Abhilash Nair and Paul Maharg

 

Welcome to the third and final issue of 2017 of the European Journal of Law and Technology. In this issue we present two original articles, a commentary and a book review.

The problems of legislative website design are well known to readers of EJLT.  Over the past couple of decades we have published many articles dealing in whole or in part with the considerable design issues posed by the publication of official legislation, where right of public access to legal information is hindered by frustratingly poor website design.
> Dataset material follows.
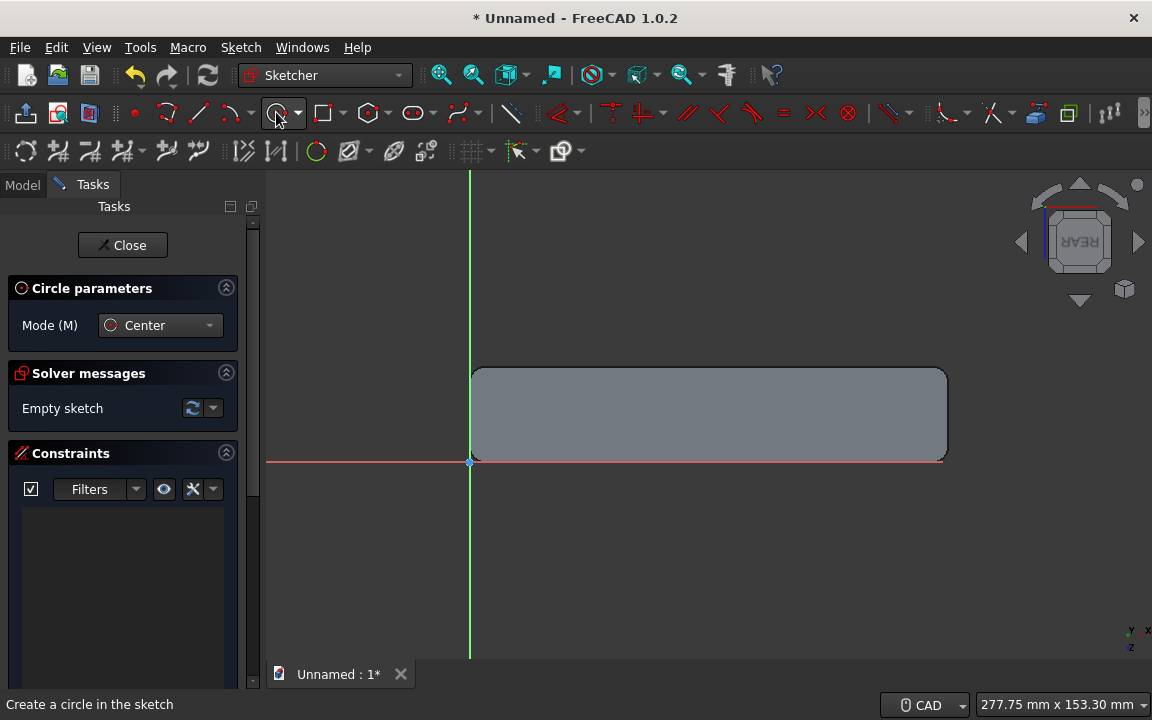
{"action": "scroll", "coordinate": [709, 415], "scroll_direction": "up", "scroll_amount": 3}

Mitee's article focuses on a number of perennial problems arising from the fragmentary publication of digital legal data management on official government information sites, namely the number and range of such sites, their silo-like qualities, and the issues that these cause for users trying to locate such official information at all levels of government in a country.  His study of 51 countries identifies the problem as existing in both developed and developing countries.  His response is a system of official networked, one-stop legal information websites which would guarantee the 'whole stock of legal information of a legislative jurisdiction on one single website'; and his article describes and analyses how this might be implemented.  

In his article, Radosavljev has investigated the recent GS Media case of the CJEU. This looks at the liability under copyright law of those providing hyperlinks. The case is one which could have an important impact on the copyright balance, and it is this issue that the author analyses. It also highlights some additional concerns which the CJEU could have considered. There are some useful technical observations that are also made.  For those who wish to research further into the topic of copyright infringement issues with regard to hyperlinking (with reference to secondary liability and the communication right), this article is worth reading.

The new General Data Protection Regulation has sparked a number of debates on various provisions. In our Commentary section, Roig offers an informative overview of the right not to be subject to decisions based solely on automated processing under Art 22 of the GDPR and the challenges involved in meeting the true spirit and requirements of the law.

Finally, Ward and Stockdale provide an informative, well balanced, and thorough review of the book, Electronic Evidence (fourth edition) edited by Stephen Mason and Daniel Seng (IALS, University of London).